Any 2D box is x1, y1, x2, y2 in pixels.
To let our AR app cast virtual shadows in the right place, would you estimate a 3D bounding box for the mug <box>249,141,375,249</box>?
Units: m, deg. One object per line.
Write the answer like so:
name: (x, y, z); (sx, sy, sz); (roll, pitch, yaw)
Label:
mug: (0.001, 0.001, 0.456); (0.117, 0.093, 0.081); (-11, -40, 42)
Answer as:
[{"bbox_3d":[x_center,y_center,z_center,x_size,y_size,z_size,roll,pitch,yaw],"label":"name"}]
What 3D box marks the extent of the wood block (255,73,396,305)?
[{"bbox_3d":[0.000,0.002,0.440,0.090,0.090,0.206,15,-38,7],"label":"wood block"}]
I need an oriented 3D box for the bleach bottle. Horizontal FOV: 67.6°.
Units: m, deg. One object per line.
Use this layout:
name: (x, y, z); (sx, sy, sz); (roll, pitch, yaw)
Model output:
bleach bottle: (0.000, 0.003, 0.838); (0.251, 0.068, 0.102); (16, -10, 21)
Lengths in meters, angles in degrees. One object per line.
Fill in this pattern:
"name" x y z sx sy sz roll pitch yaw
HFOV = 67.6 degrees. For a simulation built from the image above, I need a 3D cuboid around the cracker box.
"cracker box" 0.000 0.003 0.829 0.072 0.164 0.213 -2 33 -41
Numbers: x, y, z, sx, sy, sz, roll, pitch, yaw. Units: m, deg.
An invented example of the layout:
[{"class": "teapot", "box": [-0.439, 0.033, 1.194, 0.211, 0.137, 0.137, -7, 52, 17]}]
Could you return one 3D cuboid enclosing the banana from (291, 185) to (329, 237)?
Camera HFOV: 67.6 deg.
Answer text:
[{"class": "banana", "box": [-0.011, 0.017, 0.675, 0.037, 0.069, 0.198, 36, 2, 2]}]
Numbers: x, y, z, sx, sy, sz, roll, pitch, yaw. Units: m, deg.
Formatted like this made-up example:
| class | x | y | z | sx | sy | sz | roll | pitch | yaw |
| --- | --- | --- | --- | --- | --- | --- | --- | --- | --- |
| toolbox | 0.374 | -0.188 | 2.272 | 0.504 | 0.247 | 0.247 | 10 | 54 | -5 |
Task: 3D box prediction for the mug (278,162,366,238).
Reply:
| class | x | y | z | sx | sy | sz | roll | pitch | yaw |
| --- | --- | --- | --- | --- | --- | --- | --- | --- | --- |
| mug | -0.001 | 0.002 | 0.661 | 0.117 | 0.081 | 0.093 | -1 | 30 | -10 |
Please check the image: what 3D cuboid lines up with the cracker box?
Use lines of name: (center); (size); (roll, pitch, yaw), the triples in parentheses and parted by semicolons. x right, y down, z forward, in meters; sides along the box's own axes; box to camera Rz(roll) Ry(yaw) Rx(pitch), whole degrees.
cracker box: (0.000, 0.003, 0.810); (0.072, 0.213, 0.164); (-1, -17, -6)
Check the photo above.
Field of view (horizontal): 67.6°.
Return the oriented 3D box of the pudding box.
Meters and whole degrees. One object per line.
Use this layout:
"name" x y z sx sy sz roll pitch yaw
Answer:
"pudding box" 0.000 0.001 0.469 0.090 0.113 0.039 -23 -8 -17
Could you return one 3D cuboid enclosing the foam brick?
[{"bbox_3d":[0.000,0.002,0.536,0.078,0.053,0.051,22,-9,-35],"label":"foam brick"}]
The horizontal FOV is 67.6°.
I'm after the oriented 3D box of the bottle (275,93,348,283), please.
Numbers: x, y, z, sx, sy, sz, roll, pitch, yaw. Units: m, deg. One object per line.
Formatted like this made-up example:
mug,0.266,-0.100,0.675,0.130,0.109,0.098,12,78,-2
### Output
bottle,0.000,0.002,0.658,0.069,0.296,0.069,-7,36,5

• • • • •

● **What this task involves**: Go through the entries above and write each one out exactly.

● **Task answer**:
Any 2D box is x1, y1, x2, y2 in pixels.
To let our AR app cast virtual shadows in the right place, would you estimate a 3D bounding box for the mug <box>249,141,375,249</box>?
Units: m, deg. One object per line.
Write the answer like so:
name: (x, y, z); (sx, sy, sz); (roll, pitch, yaw)
Label:
mug: (0.001, 0.001, 0.456); (0.117, 0.093, 0.081); (-11, -40, 42)
Answer as:
[{"bbox_3d":[x_center,y_center,z_center,x_size,y_size,z_size,roll,pitch,yaw],"label":"name"}]
What 3D box marks the extent of the wood block (255,73,396,305)?
[{"bbox_3d":[0.000,0.002,0.440,0.090,0.090,0.206,15,-38,7],"label":"wood block"}]
I need an oriented 3D box for the bleach bottle. Horizontal FOV: 67.6°.
Units: m, deg. One object per line.
Use this layout:
name: (x, y, z); (sx, sy, sz); (roll, pitch, yaw)
Model output:
bleach bottle: (0.000, 0.003, 0.838); (0.251, 0.068, 0.102); (16, -10, 21)
Lengths in meters, angles in degrees. One object per line.
Fill in this pattern:
"name" x y z sx sy sz roll pitch yaw
HFOV = 67.6 degrees. For a simulation built from the image above, I need a 3D cuboid around the cracker box.
"cracker box" 0.000 0.003 0.829 0.072 0.164 0.213 -2 33 -41
Numbers: x, y, z, sx, sy, sz, roll, pitch, yaw. Units: m, deg.
An invented example of the layout:
[{"class": "teapot", "box": [-0.439, 0.033, 1.194, 0.211, 0.137, 0.137, -7, 52, 17]}]
Could you return one 3D cuboid enclosing the banana from (291, 185) to (329, 237)?
Camera HFOV: 67.6 deg.
Answer text:
[{"class": "banana", "box": [-0.011, 0.017, 0.675, 0.037, 0.069, 0.198, 36, 2, 2]}]
Numbers: x, y, z, sx, sy, sz, roll, pitch, yaw. Units: m, deg.
Formatted like this made-up example:
| class | x | y | z | sx | sy | sz | roll | pitch | yaw |
| --- | --- | --- | --- | --- | --- | --- | --- | --- | --- |
| toolbox | 0.374 | -0.188 | 2.272 | 0.504 | 0.247 | 0.247 | 10 | 54 | -5 |
Task: 3D box prediction for the mug (278,162,366,238).
Reply:
| class | x | y | z | sx | sy | sz | roll | pitch | yaw |
| --- | --- | --- | --- | --- | --- | --- | --- | --- | --- |
| mug | -0.001 | 0.002 | 0.661 | 0.117 | 0.081 | 0.093 | -1 | 30 | -10 |
Please check the image: what 3D cuboid lines up with the cracker box?
Use lines of name: (center); (size); (roll, pitch, yaw), the triples in parentheses and parted by semicolons. x right, y down, z forward, in meters; sides along the box's own axes; box to camera Rz(roll) Ry(yaw) Rx(pitch), whole degrees.
cracker box: (0.000, 0.003, 0.810); (0.072, 0.213, 0.164); (-1, -17, -6)
Check the photo above.
Field of view (horizontal): 67.6°.
Return the oriented 3D box of the pudding box.
Meters and whole degrees. One object per line.
Use this layout:
"name" x y z sx sy sz roll pitch yaw
Answer:
"pudding box" 0.000 0.001 0.469 0.090 0.113 0.039 -23 -8 -17
Could you return one 3D cuboid enclosing the foam brick?
[{"bbox_3d":[0.000,0.002,0.536,0.078,0.053,0.051,22,-9,-35],"label":"foam brick"}]
The horizontal FOV is 67.6°.
I'm after the oriented 3D box of the bottle (275,93,348,283), please.
Numbers: x, y, z, sx, sy, sz, roll, pitch, yaw. Units: m, deg. One object per line.
Formatted like this made-up example:
mug,0.266,-0.100,0.675,0.130,0.109,0.098,12,78,-2
### Output
bottle,0.000,0.002,0.658,0.069,0.296,0.069,-7,36,5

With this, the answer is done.